Basically, I still want exceptions to be loud. I still want the red error with the stacktrace to be printed out to the logs when I am running tests. I still want errors to get reported to an error reporting service while the app is running in production. What are some good options for this?

Thanks!

If this is a supervised GenServer, it would be restarted if it crashed for any reason. You are also only doing casts, which means it is all done synchronously (the caller waits for the result), meaning that you won’t lose anything if the GenServer gets restarted.

Also, without knowing your requirements, I’m not really sure what this buys you over just a normal module/function interface. If you have a lot of processes trying to use this GenServer at the same time, it will actually be a bottleneck. Especially if it gets used for longer tasks/calculations.

Thanks for the feedback.

The reason for the GenServer is to guarantee serial execution. For example, we have an accounting/billing service where things must be processed FIFO. If I fire off 5 things, executing them in parallel would result in incorrect data.

The GenServer call time in our situation is small compared to the overall time.
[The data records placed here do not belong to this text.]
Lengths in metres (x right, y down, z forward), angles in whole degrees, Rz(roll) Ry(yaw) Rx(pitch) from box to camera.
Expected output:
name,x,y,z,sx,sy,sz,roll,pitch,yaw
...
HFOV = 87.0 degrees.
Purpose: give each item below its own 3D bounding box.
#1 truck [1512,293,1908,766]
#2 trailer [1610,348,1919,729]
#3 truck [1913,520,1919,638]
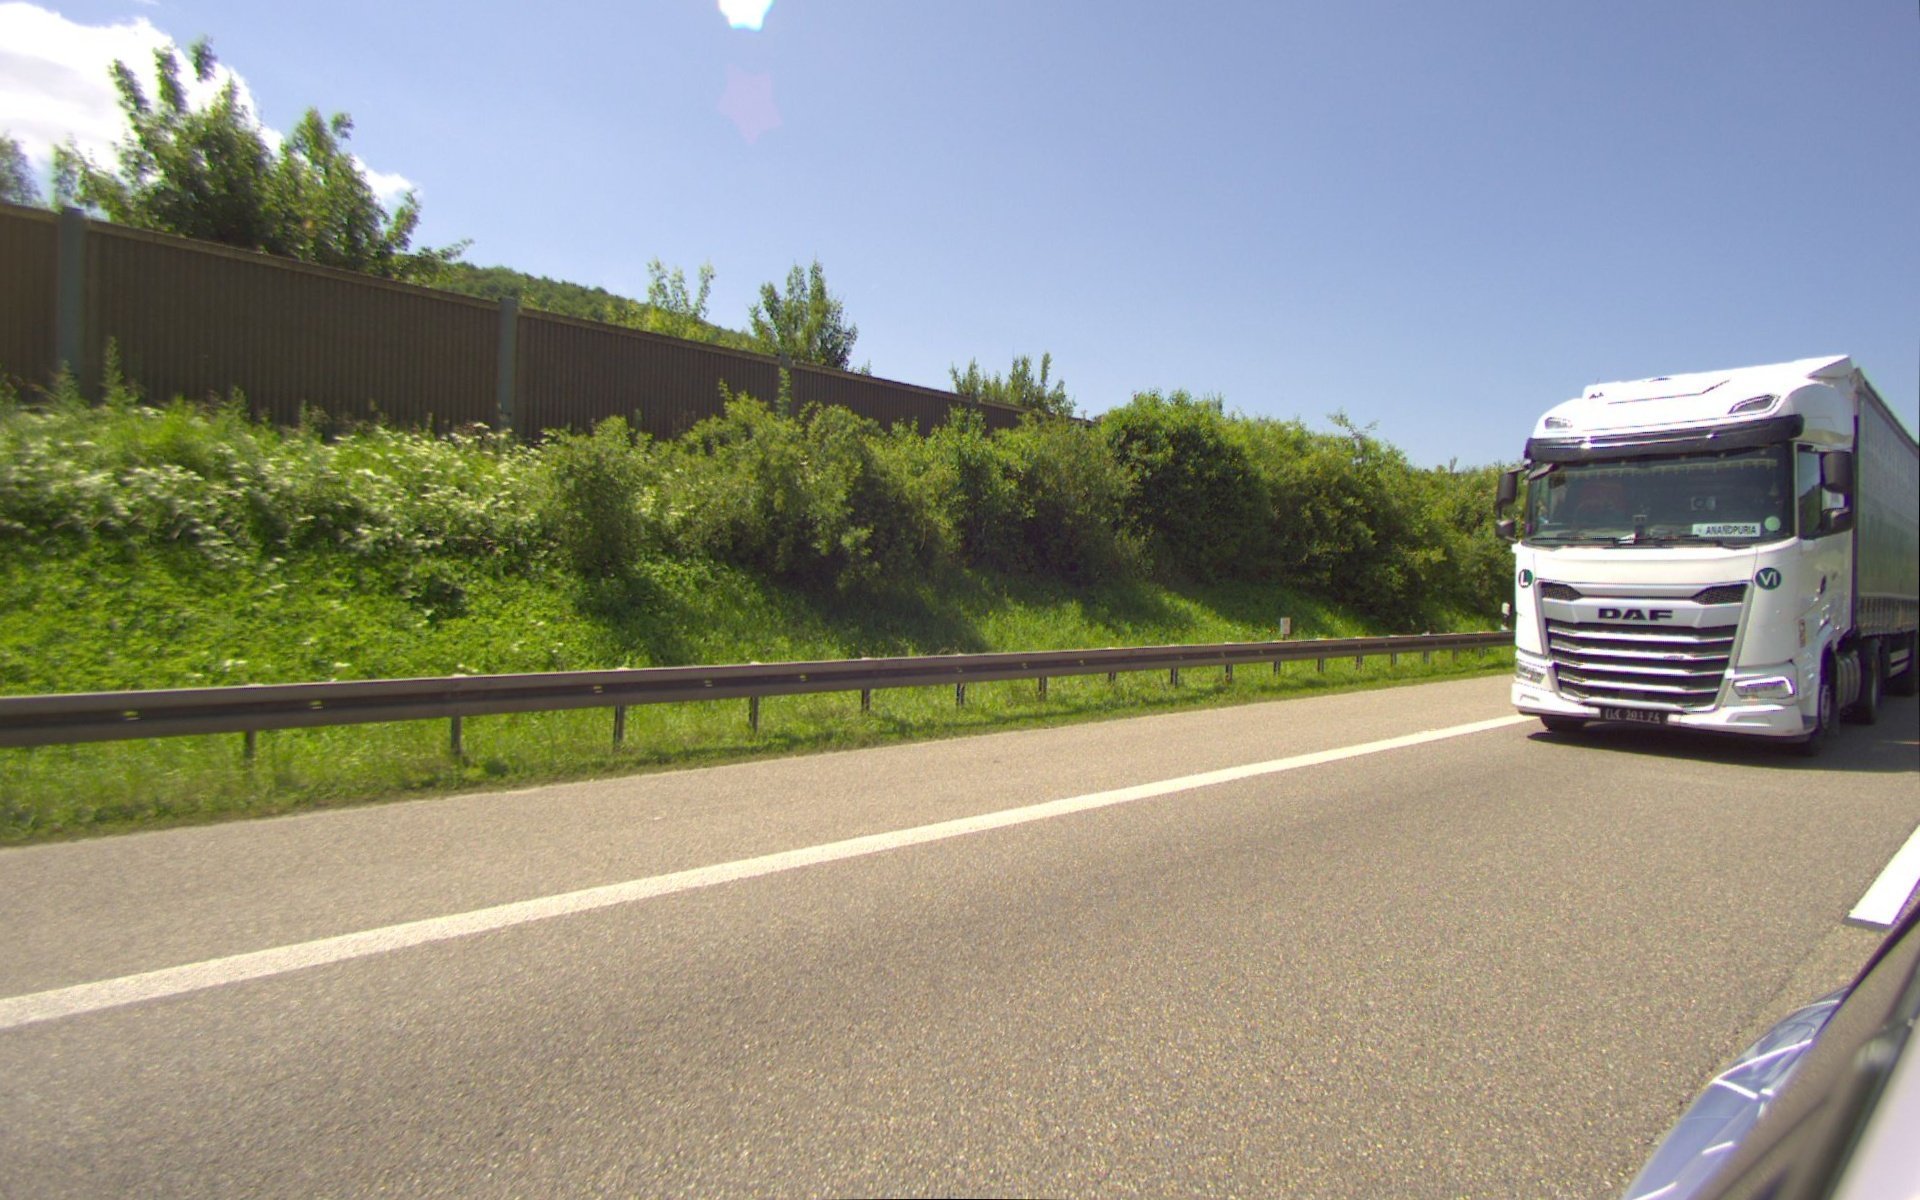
name,x,y,z,sx,sy,sz,roll,pitch,yaw
truck,8.872,-0.633,11.658,6.272,4.027,2.481,0,1,-42
trailer,13.864,-0.697,16.161,13.422,4.027,2.481,0,1,-42
truck,36.514,-0.772,36.675,5.978,4.140,2.527,-1,0,-43

For example, a typical execution might take 10ms vs. the cost of a call/cast.

The GenServer is supervised, but if it’s restarted, wouldn’t I lose mailbox the messages?

How about doing the execution in another process? It is not uncommon to do this for things that can fail. Your GenServer spawns and waits for the result from the execution. It also monitors the newly spawned process for failures. The execute are still synchronized, the monitoring GenServer will not fail and continues with the other cases even if one fails.
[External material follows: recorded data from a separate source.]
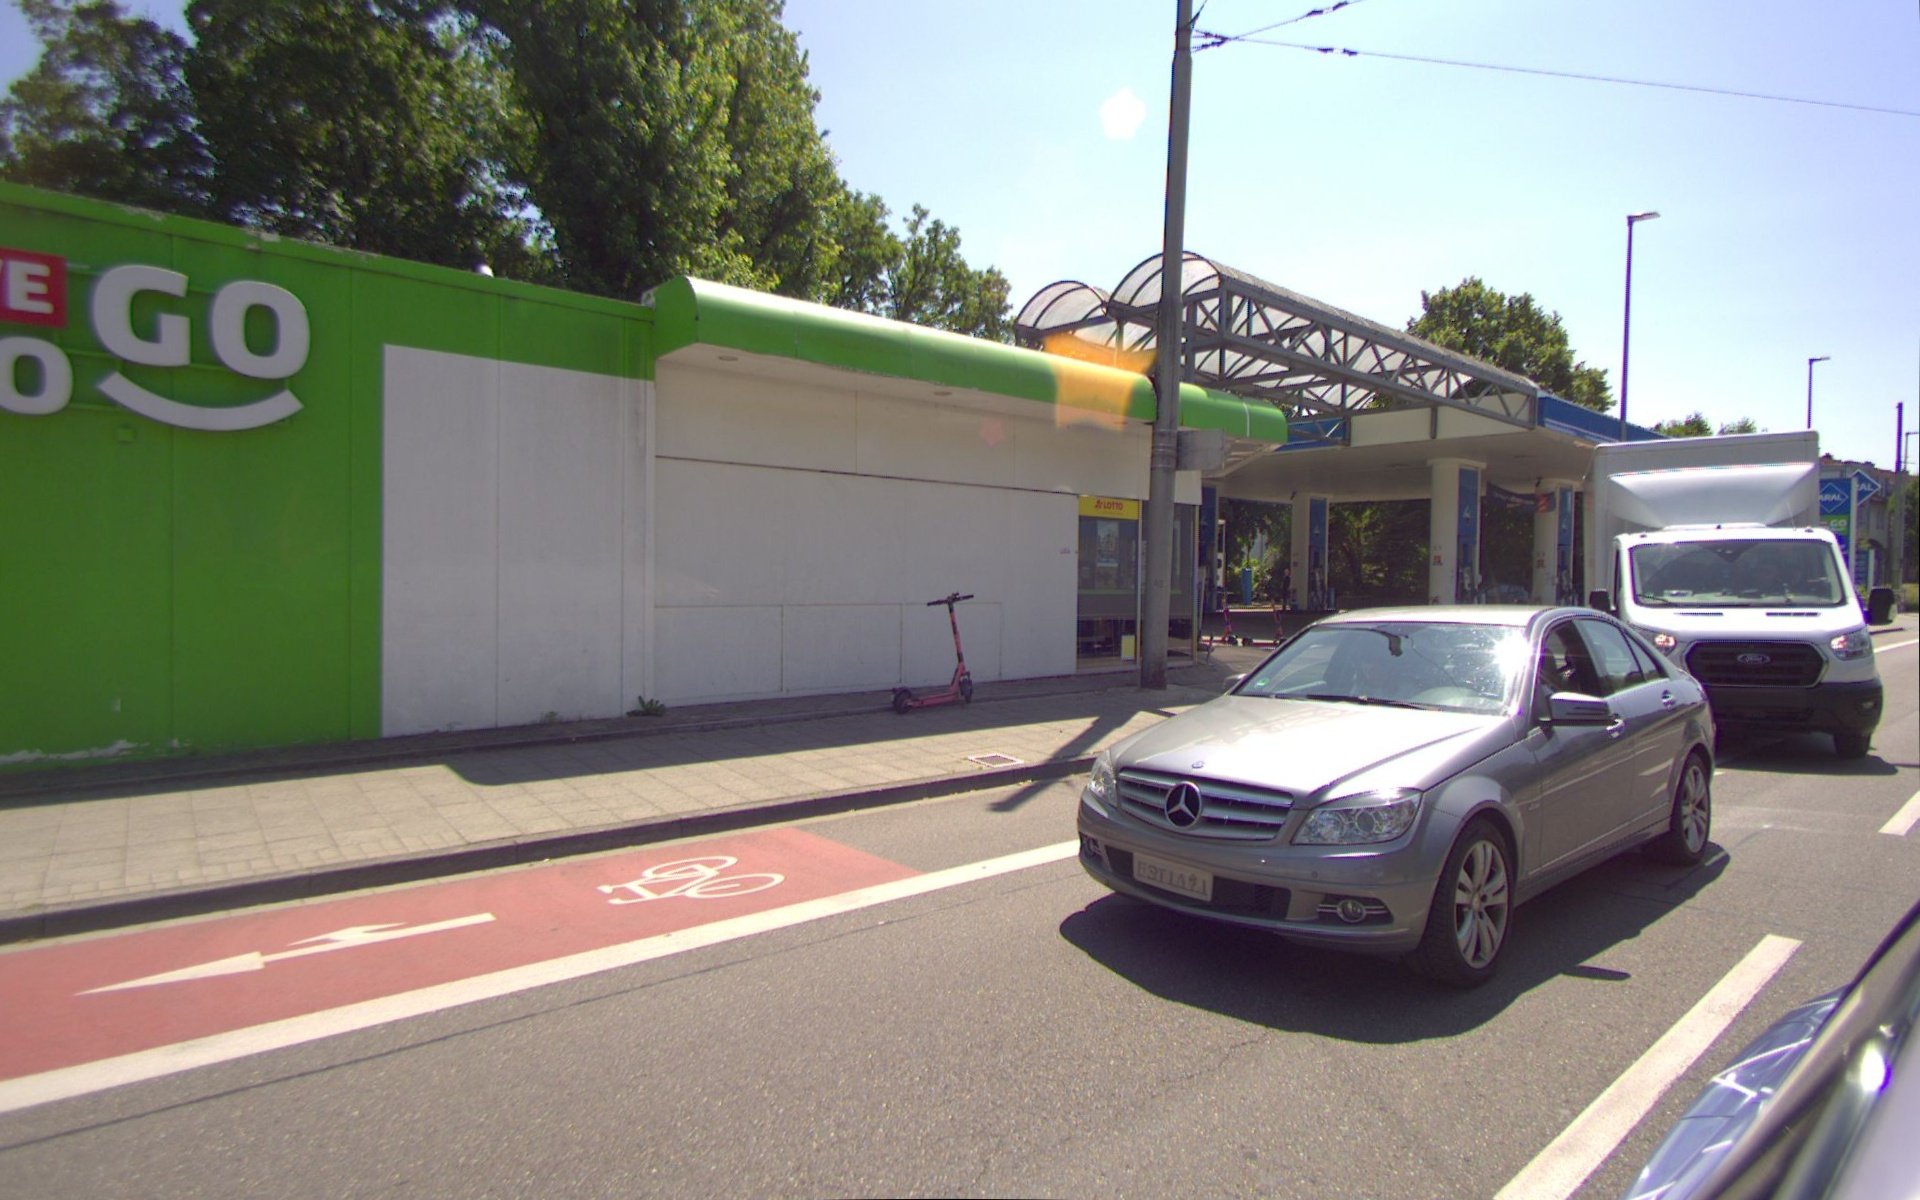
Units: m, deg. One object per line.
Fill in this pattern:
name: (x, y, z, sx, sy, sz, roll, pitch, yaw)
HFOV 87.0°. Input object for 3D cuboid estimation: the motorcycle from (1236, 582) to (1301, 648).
motorcycle: (6.144, 0.288, 20.194, 0.357, 1.225, 1.156, 1, 2, -42)

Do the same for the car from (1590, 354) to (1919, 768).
car: (9.184, -0.367, 12.461, 2.213, 3.377, 8.541, -1, 0, 31)

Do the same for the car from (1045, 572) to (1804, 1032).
car: (2.942, 0.656, 5.614, 5.206, 1.492, 1.716, 0, 0, -39)

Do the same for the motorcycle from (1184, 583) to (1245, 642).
motorcycle: (5.298, 0.250, 21.107, 0.389, 1.127, 1.156, 1, 2, -42)

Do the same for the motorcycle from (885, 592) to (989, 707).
motorcycle: (-0.231, 0.495, 10.570, 1.098, 1.118, 0.253, -1, 8, -40)

I’m not sure what sort of error logging you are looking for when something crashes but perhaps if the execution is done according to OTP standards (either a GenServer or a process started with proc_lib) I think you may get SASL logging which Logger may pick up.

3 Likes

Thanks @cmkarlsson I really like this idea. I’ll look more into this approach. Or perhaps there’s a way for my process to log the error directly in the catch clause?

I wasn’t aware that the Logger was responsible for capturing errors.

It is the OTP SASL application that takes care of logging crashed OTP processes. Logger can capture these and output in elixir format. You have to configure it to handle_otp_reports and handle_sasl_reports for this to happen though. These options redirects the erlang logger to Logger.

Well you should always be able to log them but they will pass the testing though as you are catching the errors.

Your test should check for a failed execution. The resp from your handle_call could be {:ok, val} or {:error, reason} then your test will fail if execute fails.

Your normal logging through something like Logger should handle this? I assume error reporting is just a configurable Logger handle so if you do something like Logger.error shouldn’t that still work?

You can log the error directly like this:

try do
  # ...
catch
  type, error ->
    Logger.error(Exception.format(type, error, __STACKTRACE__))
end

That said, I agree with @cmkarlsson’s proposal. If you want to ensure that “execution” doesn’t take the GenServer down, doing it in a separate process would give you the strongest guarantees of that.

2 Likes

Thanks I will go the route of isolating each execution into its own process. Not only do the guarantees make sense, but it also does look like it will plays well with the rest of the system. A real exception is actually raised so it will get tracked and printed out properly.

I am having trouble figuring out which OTP building blocks to use. As I understand GenServer.call and Task.await will both bring down the calling process.

I was tempted to use trap_exit but then read the following in the Task.async docs:

Setting :trap_exit to true - trapping exits should be used only in special circumstances as it would make your process immune to not only exits from the task but from any other processes.

Do I need to use something like GenServer.cast and reply manually? Or is it acceptable in this case to set trap_exit to true?